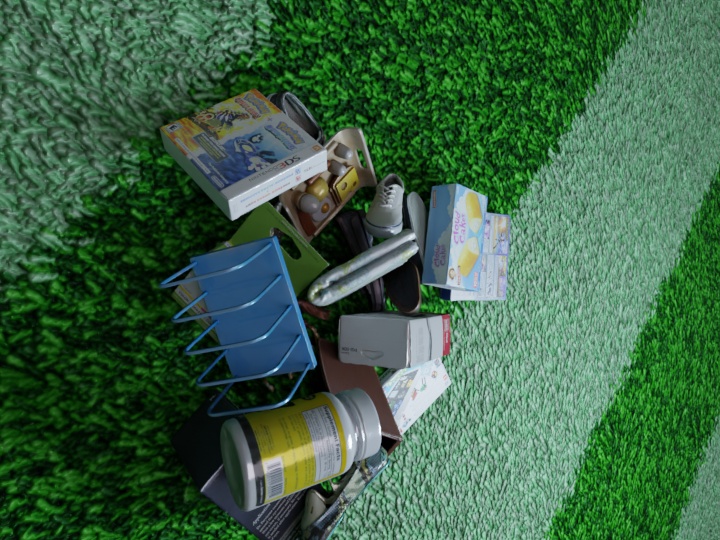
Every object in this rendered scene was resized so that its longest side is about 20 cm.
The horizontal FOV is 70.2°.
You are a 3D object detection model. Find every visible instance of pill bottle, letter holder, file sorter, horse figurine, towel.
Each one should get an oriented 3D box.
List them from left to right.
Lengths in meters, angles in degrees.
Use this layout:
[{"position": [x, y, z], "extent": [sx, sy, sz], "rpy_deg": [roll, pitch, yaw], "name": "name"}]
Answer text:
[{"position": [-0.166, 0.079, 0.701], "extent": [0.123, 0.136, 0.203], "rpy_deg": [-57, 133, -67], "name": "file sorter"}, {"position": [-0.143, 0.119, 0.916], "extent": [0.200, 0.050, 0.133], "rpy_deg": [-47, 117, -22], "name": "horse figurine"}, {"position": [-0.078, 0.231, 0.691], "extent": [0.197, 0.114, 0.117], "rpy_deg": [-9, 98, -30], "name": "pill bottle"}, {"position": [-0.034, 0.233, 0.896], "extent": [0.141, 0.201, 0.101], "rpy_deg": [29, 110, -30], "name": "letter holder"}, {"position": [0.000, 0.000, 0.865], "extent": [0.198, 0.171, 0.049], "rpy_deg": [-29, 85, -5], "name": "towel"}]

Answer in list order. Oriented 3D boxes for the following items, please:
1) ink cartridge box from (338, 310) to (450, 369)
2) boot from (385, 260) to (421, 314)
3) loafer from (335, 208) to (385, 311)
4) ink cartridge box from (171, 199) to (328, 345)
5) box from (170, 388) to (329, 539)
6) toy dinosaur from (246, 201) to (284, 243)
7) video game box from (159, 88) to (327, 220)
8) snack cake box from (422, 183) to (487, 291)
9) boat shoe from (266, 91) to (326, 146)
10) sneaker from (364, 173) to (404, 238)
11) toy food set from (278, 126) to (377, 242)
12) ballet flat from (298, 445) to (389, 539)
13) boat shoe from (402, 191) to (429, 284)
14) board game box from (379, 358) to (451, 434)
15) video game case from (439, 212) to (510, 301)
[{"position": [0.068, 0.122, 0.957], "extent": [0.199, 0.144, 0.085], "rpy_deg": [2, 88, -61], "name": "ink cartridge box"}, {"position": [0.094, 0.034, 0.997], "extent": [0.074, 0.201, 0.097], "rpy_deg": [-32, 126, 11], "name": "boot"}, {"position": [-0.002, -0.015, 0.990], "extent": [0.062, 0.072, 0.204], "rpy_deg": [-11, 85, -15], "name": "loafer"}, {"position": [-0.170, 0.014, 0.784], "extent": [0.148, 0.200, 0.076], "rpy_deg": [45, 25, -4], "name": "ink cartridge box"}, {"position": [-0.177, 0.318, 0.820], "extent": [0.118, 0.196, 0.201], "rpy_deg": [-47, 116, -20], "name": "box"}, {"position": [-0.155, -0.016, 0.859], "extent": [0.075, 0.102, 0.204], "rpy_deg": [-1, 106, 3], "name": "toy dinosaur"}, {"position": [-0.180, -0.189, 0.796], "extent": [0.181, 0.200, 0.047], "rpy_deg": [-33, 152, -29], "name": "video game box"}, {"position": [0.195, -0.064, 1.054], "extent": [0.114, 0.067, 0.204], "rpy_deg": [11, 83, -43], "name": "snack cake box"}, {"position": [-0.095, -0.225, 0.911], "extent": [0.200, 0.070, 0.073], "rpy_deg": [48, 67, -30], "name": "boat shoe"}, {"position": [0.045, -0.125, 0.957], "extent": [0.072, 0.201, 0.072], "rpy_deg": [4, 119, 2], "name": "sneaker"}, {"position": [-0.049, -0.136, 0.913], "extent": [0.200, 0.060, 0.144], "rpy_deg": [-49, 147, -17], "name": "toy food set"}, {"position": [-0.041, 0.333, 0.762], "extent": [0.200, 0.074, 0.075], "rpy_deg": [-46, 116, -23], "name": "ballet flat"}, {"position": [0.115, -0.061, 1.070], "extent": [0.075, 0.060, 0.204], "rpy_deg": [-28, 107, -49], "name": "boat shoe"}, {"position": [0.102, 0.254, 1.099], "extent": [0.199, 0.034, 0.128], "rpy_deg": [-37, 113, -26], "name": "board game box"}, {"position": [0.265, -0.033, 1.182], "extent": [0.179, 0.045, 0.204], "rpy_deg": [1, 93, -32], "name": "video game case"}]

---------------

About this task »
Every line in the data above that includes the word "object" should be copied.

Reply »
Every object in this rendered scene was resized so that its longest side is about 20 cm.
You are a 3D object detection model. Find every visible instance of pill bottle, letter holder, file sorter, horse figurine, towel.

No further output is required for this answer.